After two decades of exponential increases, U.S. Veterans are now three times more likely to develop oropharyngeal cancer (OPC) than the general population and have shown persistently lower survival rates. VA scientists are looking to change this tragic trend with an innovative use of artificial intelligence (AI).
Because cancer treatment can be physically challenging and toxic to the body, a team of VA scientists across seven VA Medical Centers have begun a study that will exam the use of AI to help select treatment type and intensity for Veterans with OPC: a type of cancer that occurs in the mouth and throat.
“OPC biology and treatment response in the Veteran population differs from what is encountered in the broader U.S. population,” said Dr. Vlad C. Sandulache, co-lead for the study and surgeon at the Michael E. DeBakey VA Medical Center in Houston. “This multi-institutional effort is designed to leverage collaborations between oncologists, pathologists, radiologists and computer scientists to develop more effective precision oncology approaches to this deadly disease.”
The research team will use data on 1,000 Veterans with OPC and information from the Computer Vision and Machine Learning in Precision Oncology (CoMPL) hub to build and train an AI algorithm to assess chemo-radiation treatment response. The new platform will be called the AI-based Risk Stratification for Oropharyngeal Carcinomas (AIROC).

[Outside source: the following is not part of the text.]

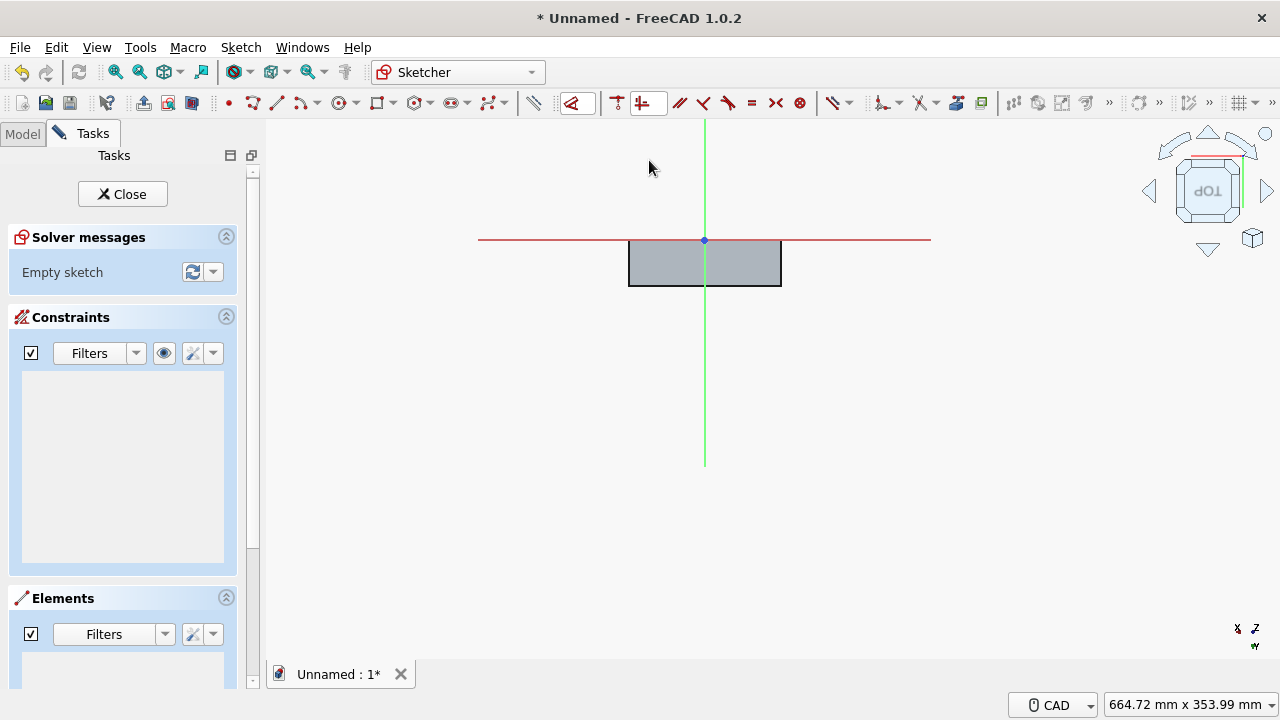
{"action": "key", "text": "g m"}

Cancer is diagnosed in part through diagnostic images, like CT scans, and pathology slides made from tissue biopsies. Because the AIROC platform will use data that is collected in the normal course of cancer care for Veterans, when/if it is validated, it could be deployed across the VA health system with minimal costs or training.
The goal for AIROC is to develop algorithms that will assist pathologists and radiologists with their diagnoses and make it easier and more effective to assess disease pathology. According to Michael Gilkey, a data scientist at the Atlanta VA, computers make it possible to “zoom in” on information that the human eye can’t see, like the twistedness of blood vessels or the inside of a tumor.
A type of head and neck cancer, OPC is most often caused by infection with the human papilloma virus. HPV infection, which is a common sexually transmitted disease, causes 70% of OPC cancer cases, according to the Centers for Disease Control.
Some individuals can safely undergo less-intensive treatment for their OPC and still have good outcomes, but deciding who might benefit from that approach is difficult. That is why the research team will develop a special computing platform that can review biomarkers like CT scans and pathology slides and integrate that information with Veterans’ clinical data to predict treatment response. These programs will be able to review medical data and select patients who have a greater likelihood of benefiting from a lower treatment intensity for their cancer.
In the future, it might even mean the difference between forgoing radiation treatment, getting a lower dose of chemotherapy, or intensifying treatment. In all cases though, it will still be the cancer specialists who guide Veterans’ therapy to ensure they receive optimal care.
“This work will use Veteran data in the service of Veterans, putting to work the newest artificial intelligence and machine learning tools to help us improve treatment effectiveness, survival and quality of life for patients with oropharyngeal cancer,” Sandulache said.
Across the VA Office of Research and Development’s (ORD) Precision Oncology Program, AI is being used to study and improve treatment approaches for a number of different cancers, reinforcing its goal to address the real-world health care needs of Veterans. In addition to refining treatment approaches for Veterans with cancer, the development of precision clinical tools also supports ORD’s Precision Oncology research portfolio.
Current VA studies that use AI include the development of a “Lung Imaging based Risk Score,” “A Novel Radiomics Toolkit to Predict and Characterize Response to Immunotherapy in Stage III Non-Small Cell Lung Cancer,” and using AI to “Predict Metastatic Progression of High Risk Localized Prostate Cancer.”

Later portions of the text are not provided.